What you need to do. Nothing outside the range is wanted. Repeat exactly the lines below from the one with "Make the answer very short. 100. Across all countries, what" through the one with "Provide a short and direct response. 6.".

Data to examine.
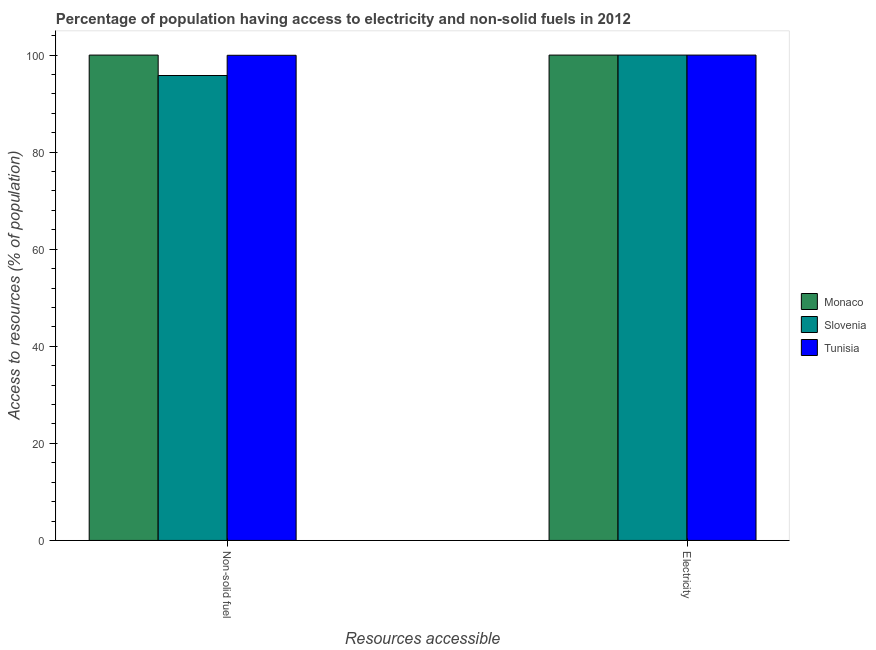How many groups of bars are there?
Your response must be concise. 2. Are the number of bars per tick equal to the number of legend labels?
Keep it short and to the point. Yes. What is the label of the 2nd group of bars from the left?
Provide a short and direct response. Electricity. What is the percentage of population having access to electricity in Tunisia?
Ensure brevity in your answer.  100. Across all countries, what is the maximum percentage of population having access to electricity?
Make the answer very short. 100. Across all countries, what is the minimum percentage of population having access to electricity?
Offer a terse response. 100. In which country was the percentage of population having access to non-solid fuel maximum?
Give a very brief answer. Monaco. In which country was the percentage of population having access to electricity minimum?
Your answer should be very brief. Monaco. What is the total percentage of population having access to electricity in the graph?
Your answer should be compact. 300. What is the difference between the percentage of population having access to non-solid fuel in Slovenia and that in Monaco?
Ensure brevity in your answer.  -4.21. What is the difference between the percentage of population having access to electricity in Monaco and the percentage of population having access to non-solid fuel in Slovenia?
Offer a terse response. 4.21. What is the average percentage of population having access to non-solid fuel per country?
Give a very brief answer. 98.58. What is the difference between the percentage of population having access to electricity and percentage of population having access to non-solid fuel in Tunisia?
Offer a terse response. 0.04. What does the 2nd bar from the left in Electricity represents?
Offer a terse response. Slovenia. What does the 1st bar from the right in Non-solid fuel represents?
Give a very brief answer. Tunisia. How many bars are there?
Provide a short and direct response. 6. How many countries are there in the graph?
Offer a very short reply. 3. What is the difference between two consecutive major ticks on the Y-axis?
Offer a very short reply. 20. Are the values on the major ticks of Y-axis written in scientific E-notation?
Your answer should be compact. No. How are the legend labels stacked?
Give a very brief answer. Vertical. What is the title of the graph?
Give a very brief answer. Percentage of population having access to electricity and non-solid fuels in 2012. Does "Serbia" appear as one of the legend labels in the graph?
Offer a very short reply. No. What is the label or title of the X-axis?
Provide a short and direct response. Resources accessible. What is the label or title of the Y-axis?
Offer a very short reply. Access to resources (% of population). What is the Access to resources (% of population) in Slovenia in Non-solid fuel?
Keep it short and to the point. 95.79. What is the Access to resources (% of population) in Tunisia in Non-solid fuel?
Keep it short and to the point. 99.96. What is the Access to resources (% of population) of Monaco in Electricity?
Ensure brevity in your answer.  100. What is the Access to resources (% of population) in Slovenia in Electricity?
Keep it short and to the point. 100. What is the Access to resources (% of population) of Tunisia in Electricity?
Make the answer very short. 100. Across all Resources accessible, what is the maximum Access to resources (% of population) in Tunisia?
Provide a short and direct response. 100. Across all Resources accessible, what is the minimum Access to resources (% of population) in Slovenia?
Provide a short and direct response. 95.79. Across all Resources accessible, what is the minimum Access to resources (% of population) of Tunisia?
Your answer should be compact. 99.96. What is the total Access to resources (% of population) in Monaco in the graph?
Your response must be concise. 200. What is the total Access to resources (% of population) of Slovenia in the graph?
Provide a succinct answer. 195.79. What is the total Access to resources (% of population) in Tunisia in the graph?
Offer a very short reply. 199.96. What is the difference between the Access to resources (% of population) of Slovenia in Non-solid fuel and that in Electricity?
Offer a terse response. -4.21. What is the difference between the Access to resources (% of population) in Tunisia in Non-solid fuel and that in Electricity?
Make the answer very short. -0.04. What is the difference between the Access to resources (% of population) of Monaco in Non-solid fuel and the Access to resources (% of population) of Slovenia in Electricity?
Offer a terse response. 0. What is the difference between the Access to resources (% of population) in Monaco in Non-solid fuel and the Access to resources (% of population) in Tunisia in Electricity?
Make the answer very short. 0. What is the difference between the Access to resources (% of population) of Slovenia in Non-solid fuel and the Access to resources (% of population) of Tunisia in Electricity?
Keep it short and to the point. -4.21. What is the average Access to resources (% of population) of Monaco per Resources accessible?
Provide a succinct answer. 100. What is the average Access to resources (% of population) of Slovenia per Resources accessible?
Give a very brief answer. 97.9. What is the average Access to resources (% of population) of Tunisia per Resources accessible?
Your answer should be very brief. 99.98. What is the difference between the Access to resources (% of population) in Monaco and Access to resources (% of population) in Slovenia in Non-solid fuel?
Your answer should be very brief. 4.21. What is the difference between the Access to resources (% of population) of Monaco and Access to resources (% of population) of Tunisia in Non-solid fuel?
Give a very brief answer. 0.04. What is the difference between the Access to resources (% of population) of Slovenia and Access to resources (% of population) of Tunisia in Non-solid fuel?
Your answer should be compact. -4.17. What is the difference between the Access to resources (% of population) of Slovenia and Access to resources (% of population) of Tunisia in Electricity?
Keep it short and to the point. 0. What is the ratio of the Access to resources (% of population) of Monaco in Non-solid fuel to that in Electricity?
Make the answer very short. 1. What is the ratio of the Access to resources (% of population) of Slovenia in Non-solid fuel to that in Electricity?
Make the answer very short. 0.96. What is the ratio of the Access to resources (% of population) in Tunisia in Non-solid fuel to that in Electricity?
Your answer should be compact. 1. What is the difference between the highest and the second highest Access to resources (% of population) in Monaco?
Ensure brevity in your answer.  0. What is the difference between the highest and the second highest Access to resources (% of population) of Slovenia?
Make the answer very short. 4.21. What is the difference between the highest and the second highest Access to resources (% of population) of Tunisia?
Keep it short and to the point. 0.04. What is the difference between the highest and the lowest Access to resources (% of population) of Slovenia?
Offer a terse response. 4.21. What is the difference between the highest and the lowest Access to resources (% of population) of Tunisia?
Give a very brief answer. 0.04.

Solution to this task.
Make the answer very short. 100. Across all countries, what is the minimum percentage of population having access to electricity?
Offer a terse response. 100. In which country was the percentage of population having access to non-solid fuel maximum?
Give a very brief answer. Monaco. In which country was the percentage of population having access to electricity minimum?
Your answer should be very brief. Monaco. What is the total percentage of population having access to electricity in the graph?
Your answer should be compact. 300. What is the difference between the percentage of population having access to non-solid fuel in Slovenia and that in Monaco?
Ensure brevity in your answer.  -4.21. What is the difference between the percentage of population having access to electricity in Monaco and the percentage of population having access to non-solid fuel in Slovenia?
Offer a terse response. 4.21. What is the average percentage of population having access to non-solid fuel per country?
Give a very brief answer. 98.58. What is the difference between the percentage of population having access to electricity and percentage of population having access to non-solid fuel in Tunisia?
Offer a terse response. 0.04. What does the 2nd bar from the left in Electricity represents?
Offer a terse response. Slovenia. What does the 1st bar from the right in Non-solid fuel represents?
Give a very brief answer. Tunisia. How many bars are there?
Provide a short and direct response. 6. How many countries are there in the graph?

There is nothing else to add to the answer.